Wyniki badań Kaliskiego i jego zespołu z początku lat 1970. były w większości jawne i publikowane w czasopismach, o tyle wiele eksperymentów jednak, przeprowadzone eksperymenty naukowe po 1975 r. zostało utajnione. W tym czasie profesor był również pilnie obserwowany przez wojskowy kontrwywiad. Nad czym wówczas pracował? Już w 1974 r. na Wojskowej Akademii Technicznej powstała koncepcja, by zamiast wyładowań elektrycznych w układzie „focus-laser” do podgrzania i koncentracji plazmy wykorzystać materiały wybuchowe.

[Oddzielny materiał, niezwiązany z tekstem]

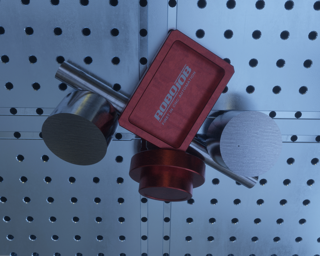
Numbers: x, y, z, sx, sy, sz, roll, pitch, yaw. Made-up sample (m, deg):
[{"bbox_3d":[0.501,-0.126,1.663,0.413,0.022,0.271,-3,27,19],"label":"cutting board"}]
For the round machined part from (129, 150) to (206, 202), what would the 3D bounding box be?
[{"bbox_3d":[0.009,0.066,0.400,0.099,0.042,0.098,5,153,3],"label":"round machined part"}]

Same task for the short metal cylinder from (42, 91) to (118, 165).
[{"bbox_3d":[-0.097,0.000,0.387,0.080,0.050,0.079,6,127,8],"label":"short metal cylinder"}]

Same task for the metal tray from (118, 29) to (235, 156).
[{"bbox_3d":[0.019,-0.040,0.380,0.090,0.030,0.130,30,94,-11],"label":"metal tray"}]

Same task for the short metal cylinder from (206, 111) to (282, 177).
[{"bbox_3d":[0.105,0.018,0.395,0.081,0.050,0.079,-1,93,-11],"label":"short metal cylinder"}]

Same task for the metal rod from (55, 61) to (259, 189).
[{"bbox_3d":[0.004,0.001,0.414,0.301,0.025,0.025,30,107,-11],"label":"metal rod"}]
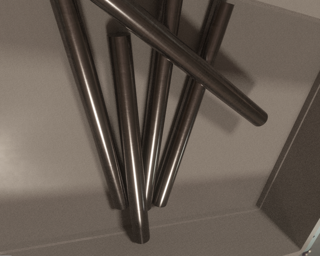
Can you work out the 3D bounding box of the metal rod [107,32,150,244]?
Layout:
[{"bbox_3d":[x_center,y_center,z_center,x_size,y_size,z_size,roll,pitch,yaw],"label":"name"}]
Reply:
[{"bbox_3d":[-0.035,0.033,0.395,0.025,0.025,0.298,-15,120,-21],"label":"metal rod"}]

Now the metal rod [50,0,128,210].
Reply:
[{"bbox_3d":[-0.073,-0.012,0.362,0.025,0.025,0.298,-21,127,-17],"label":"metal rod"}]

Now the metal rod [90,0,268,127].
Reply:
[{"bbox_3d":[0.040,-0.070,0.354,0.301,0.025,0.025,29,102,-38],"label":"metal rod"}]

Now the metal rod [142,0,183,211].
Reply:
[{"bbox_3d":[-0.006,-0.012,0.399,0.025,0.025,0.298,-7,122,-26],"label":"metal rod"}]

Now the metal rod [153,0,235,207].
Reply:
[{"bbox_3d":[0.037,-0.016,0.420,0.025,0.025,0.298,2,118,-30],"label":"metal rod"}]
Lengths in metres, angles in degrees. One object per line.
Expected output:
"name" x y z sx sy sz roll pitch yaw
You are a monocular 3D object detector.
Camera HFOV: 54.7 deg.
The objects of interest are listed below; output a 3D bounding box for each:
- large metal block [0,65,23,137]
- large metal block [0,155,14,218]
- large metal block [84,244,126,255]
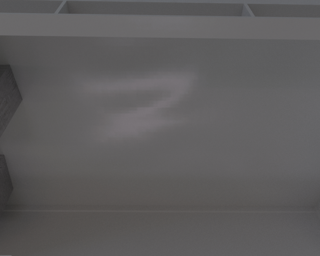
"large metal block" -0.215 -0.029 0.346 0.080 0.080 0.050 -1 130 0
"large metal block" -0.260 0.093 0.449 0.050 0.080 0.079 6 130 -5
"large metal block" -0.120 0.287 0.639 0.081 0.050 0.079 13 129 -11
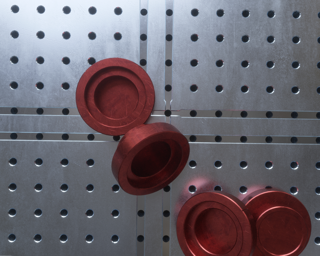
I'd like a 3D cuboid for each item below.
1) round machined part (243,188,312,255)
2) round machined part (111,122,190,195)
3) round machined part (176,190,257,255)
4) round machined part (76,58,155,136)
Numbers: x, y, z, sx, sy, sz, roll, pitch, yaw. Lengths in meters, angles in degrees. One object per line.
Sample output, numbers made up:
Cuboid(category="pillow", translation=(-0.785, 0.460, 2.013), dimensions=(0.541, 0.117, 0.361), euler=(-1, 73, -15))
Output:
Cuboid(category="round machined part", translation=(0.151, 0.132, 0.407), dimensions=(0.099, 0.042, 0.097), euler=(0, 90, -1))
Cuboid(category="round machined part", translation=(-0.015, 0.034, 0.388), dimensions=(0.098, 0.098, 0.042), euler=(-42, 47, 0))
Cuboid(category="round machined part", translation=(0.074, 0.128, 0.392), dimensions=(0.098, 0.042, 0.097), euler=(-3, 83, 31))
Cuboid(category="round machined part", translation=(-0.056, -0.039, 0.404), dimensions=(0.099, 0.042, 0.097), euler=(0, 90, -1))
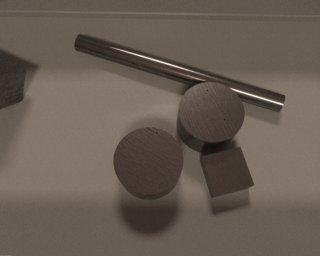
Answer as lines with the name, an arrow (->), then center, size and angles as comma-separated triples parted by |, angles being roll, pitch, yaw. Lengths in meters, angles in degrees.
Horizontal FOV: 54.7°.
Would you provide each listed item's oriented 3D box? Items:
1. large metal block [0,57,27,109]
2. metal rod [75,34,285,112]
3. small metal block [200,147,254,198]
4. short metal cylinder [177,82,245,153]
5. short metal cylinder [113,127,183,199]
large metal block -> -0.234, -0.061, 0.393 | 0.080, 0.080, 0.050 | 23, 115, 8
metal rod -> 0.023, -0.079, 0.438 | 0.301, 0.025, 0.025 | 18, 71, 6
small metal block -> 0.083, 0.056, 0.390 | 0.050, 0.025, 0.050 | -13, 71, -5
short metal cylinder -> 0.063, -0.012, 0.402 | 0.081, 0.050, 0.080 | 0, 70, 0
short metal cylinder -> -0.013, 0.045, 0.380 | 0.081, 0.050, 0.080 | 0, 70, 0
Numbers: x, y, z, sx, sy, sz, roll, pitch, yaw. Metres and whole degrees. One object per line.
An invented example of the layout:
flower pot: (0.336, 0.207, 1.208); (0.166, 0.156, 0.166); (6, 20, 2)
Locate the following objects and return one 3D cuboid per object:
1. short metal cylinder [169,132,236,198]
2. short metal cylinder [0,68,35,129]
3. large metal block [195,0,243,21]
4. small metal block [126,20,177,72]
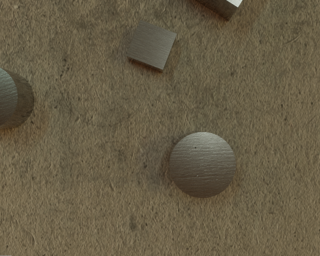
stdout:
short metal cylinder: (0.051, 0.044, 0.398); (0.081, 0.050, 0.080); (0, 90, 0)
short metal cylinder: (-0.211, -0.038, 0.396); (0.081, 0.050, 0.080); (0, 90, 0)
large metal block: (0.081, -0.200, 0.398); (0.080, 0.050, 0.080); (32, 90, 0)
small metal block: (-0.011, -0.107, 0.410); (0.050, 0.025, 0.050); (21, 90, 0)
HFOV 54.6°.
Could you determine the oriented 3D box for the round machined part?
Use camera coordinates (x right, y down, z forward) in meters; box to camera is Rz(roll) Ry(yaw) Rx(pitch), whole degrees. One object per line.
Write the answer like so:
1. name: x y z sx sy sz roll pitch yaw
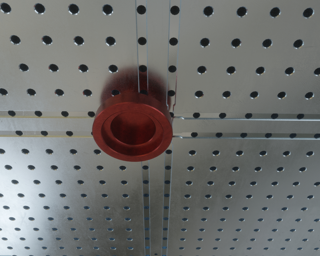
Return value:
1. round machined part: -0.034 -0.005 0.396 0.099 0.042 0.097 0 130 0
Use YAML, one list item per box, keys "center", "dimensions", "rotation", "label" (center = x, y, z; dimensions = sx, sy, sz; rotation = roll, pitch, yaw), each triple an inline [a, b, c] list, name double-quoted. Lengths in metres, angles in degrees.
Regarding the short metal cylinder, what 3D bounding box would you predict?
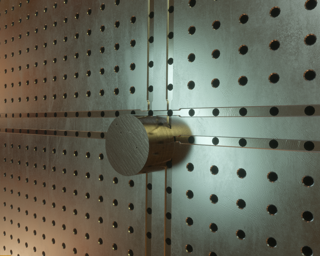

Początkowo myślano o nich jako o sposobie na tzw. wybuchową prekompresję, umożliwiającą obniżenie mocy lasera niezbędnego do zapoczątkowania syntezy termojądrowej nawet o 50 proc., prof. Kaliski doszedł jednak do wniosku, że być może laser w ogóle nie będzie potrzebny. A to oznaczało wejście badań na zupełnie nowy etap.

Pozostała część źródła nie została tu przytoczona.